Group headline earnings increased by 27% to R10 529 million and headline earnings per share (HEPS) increased by 27% to 651 cents.
Results highlights for the six months to 30 June 2015:
Total dividend per ordinary share: 303 cents per share, up 17% from 1H14
Tier 1 capital adequacy ratio: 13.7% (1H14: 12.7%)
Net asset value (NAV) per share: Increased by 6%
Return on equity (ROE): increased to 15.1% from 12.7%
Cost to income ratio: 56.7% from 55.3%
Credit loss ratio: declined to 0.99% from 1.13%
Global growth of 2.2% in the first quarter of 2015 underperformed the International Monetary Fund expectations set at the beginning of the year. The economic recovery in the Eurozone seems broadly on track, while in South Africa, the lower oil price has temporarily lowered inflation but electricity shortages, accompanied by subdued consumer and business confidence, restricted economic growth to 2.1%.
Overall, although economic growth has subsided slightly from the 5% achieved in 2014, sub-Saharan Africa remains one of the world’s fastest growing regions.
Global growth of 3.3% is expected in 2015 and South Africa’s economic growth outlook remains around 2% for 2015 and 2016.

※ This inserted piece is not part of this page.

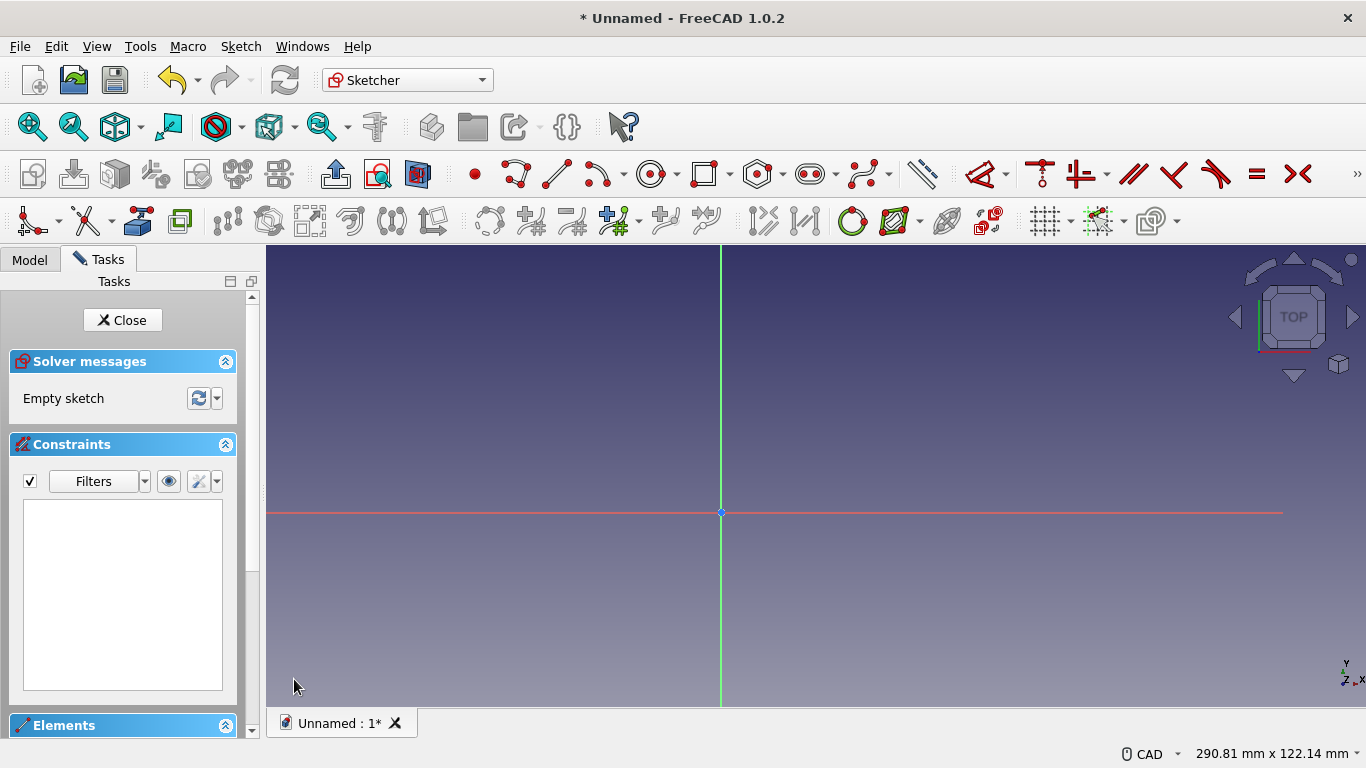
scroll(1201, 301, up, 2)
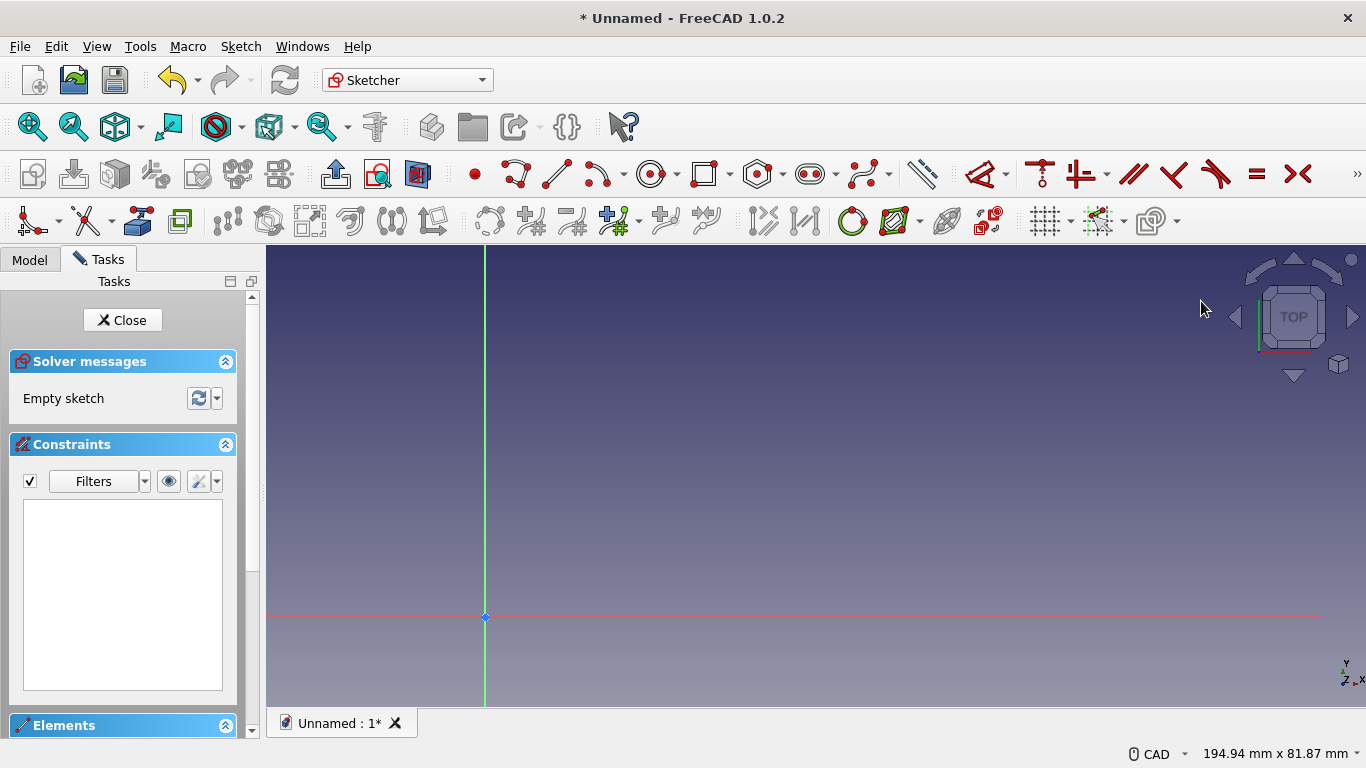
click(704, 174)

Our Group Chief Executive Sim Tshabalala reaffirmed the Group’s strong position at the results presentation and said in spite of the evident economic challenges Standard Bank Group remains committed to making progress, delivering value and equity to our customers and shareholders. We will continue to leverage our brand, market positioning and talented staff to better service our clients and customers across Africa.